NOT FOR PUBLICATION WITHOUT THE APPROVAL OF THE APPELLATE DIVISION This opinion shall not "constitute precedent or be binding upon any court." Although it is posted on the internet, this opinion is binding only on the parties in the case and its use in other cases is limited. R. 1:36-3.
SUPERIOR COURT OF NEW JERSEY APPELLATE DIVISION DOCKET NO. A-3428-22
STATE OF NEW JERSEY,
Plaintiff-Respondent,
v.
WARREN JENKINS,
Defendant-Appellant. _______________________
Submitted October 17, 2024 – Decided November 18, 2024
Before Judges Currier and Torregrossa-O'Connor.
On appeal from the Superior Court of New Jersey, Law Division, Essex County, Indictment No. 95-08-2755.
Warren Jenkins, appellant pro se.
Matthew J. Platkin, Attorney General, attorney for respondent (Boris Moczula, Deputy Attorney General, of counsel and on the brief).
PER CURIAM
Defendant, Warren Jenkins, appeals from a May 25, 2023 order denying
his motion to correct an illegal sentence. We affirm. I.
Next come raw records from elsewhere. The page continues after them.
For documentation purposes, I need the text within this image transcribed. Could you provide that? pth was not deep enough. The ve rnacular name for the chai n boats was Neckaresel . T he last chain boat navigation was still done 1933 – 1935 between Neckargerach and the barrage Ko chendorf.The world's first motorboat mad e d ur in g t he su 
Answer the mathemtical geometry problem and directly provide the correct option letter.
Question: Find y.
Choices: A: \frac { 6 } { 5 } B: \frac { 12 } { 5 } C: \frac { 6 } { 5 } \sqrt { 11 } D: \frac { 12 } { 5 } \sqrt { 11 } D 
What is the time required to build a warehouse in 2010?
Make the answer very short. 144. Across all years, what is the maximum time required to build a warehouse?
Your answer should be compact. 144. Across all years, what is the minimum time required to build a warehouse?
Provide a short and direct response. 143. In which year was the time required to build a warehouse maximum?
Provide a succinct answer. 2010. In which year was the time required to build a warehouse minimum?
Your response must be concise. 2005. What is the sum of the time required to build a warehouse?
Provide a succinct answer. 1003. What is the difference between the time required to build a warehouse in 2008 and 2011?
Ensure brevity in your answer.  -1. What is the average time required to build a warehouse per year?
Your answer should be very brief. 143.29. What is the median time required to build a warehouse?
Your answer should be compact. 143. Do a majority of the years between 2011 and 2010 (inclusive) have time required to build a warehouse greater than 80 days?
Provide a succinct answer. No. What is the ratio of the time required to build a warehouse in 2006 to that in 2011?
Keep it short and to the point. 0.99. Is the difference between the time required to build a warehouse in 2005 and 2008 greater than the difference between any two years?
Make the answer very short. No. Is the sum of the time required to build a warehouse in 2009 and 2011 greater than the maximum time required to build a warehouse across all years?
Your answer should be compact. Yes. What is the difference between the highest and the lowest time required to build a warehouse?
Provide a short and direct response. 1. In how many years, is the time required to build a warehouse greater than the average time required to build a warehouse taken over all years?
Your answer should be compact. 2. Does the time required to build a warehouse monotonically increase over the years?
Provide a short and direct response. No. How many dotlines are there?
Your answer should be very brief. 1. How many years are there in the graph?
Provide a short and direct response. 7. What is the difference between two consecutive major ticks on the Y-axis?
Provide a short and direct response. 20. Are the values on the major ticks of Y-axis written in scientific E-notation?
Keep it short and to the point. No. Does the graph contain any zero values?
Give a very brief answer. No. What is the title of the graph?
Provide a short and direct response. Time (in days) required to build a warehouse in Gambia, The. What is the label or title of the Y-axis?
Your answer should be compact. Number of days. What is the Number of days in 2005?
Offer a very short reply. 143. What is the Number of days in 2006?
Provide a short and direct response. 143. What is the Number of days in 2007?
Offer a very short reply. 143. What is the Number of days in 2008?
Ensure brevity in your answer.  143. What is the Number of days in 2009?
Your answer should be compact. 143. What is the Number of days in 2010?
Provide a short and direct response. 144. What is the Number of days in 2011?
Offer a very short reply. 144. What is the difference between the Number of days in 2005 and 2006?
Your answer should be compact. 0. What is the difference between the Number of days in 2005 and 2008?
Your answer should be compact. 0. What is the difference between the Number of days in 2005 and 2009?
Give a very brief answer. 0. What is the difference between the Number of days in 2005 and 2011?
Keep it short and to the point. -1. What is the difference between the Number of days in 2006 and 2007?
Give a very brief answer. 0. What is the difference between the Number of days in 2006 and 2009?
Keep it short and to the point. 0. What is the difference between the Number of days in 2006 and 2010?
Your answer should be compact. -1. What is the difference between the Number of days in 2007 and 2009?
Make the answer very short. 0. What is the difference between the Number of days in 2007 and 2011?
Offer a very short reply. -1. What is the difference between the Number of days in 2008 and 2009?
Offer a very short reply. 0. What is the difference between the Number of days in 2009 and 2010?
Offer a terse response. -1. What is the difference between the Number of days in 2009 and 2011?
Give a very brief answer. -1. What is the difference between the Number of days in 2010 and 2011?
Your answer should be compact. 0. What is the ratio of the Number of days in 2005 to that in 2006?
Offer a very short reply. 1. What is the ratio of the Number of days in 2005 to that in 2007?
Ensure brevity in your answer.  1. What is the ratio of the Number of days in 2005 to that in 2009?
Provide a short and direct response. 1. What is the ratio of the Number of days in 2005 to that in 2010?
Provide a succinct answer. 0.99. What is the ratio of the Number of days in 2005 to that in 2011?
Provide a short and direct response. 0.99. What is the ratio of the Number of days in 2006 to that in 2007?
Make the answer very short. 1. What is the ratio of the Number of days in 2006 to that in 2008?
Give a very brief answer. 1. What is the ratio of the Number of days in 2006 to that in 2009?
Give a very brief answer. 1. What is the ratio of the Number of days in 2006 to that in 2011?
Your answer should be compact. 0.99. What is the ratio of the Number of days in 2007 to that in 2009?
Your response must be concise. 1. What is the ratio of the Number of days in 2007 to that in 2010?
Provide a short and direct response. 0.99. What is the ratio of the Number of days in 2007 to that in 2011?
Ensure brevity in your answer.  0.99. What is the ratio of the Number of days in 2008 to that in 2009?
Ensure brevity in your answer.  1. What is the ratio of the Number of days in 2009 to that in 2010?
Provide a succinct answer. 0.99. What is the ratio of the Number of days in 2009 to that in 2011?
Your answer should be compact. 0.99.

We distill the following pertinent facts and procedural history from our
decision on direct appeal, State v. Jenkins, 349 N.J. Super. 464 (App. Div. 2002),
and the record.
Tried by jury, defendant was convicted and sentenced in 1998 for offenses
arising from the shooting death of John Deventer and the separate carjacking of
Rose Weinbaum, crimes we appropriately described as part of defendant's
"crime spree in Newark and the surrounding area in spring and summer of 1995."
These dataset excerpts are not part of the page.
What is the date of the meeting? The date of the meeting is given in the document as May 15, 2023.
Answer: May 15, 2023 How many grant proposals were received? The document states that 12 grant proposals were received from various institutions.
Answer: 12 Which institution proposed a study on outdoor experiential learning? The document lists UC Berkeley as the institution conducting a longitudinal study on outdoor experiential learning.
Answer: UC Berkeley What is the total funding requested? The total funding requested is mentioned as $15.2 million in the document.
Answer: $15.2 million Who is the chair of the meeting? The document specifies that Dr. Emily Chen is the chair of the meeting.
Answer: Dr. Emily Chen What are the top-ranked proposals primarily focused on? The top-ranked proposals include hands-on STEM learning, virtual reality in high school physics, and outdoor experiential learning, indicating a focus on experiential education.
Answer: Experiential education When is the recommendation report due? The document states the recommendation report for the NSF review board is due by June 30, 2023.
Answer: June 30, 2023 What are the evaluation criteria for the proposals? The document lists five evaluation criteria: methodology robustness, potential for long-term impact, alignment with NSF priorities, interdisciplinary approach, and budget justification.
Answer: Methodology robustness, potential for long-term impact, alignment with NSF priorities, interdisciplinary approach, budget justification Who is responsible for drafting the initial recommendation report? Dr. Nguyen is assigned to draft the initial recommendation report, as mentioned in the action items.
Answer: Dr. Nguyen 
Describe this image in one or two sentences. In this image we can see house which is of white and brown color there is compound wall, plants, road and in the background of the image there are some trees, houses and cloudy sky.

Id. at 468.1 Specifically, Deventer, a retired police chief, was shot and killed
one morning when he attempted to resist and prevent the carjacking of his
elderly neighbors, the Wolfs, as he drove them around for their daily errands
including a stop to the local cemetery. While Deventer was out of the vehicle
to speak with a working gardener at the cemetery, two assailants entered the
vehicle and forced the eighty-year-old Wolfs from the vehicle holding a gun to
Mr. Wolf's head. As we previously summarized,
[t]he two assailants then approached Deventer and the gardener who, by then, were returning to the car. The two demanded the keys to the car and Deventer resisted. A struggle ensued and Deventer shouted, "I am a cop."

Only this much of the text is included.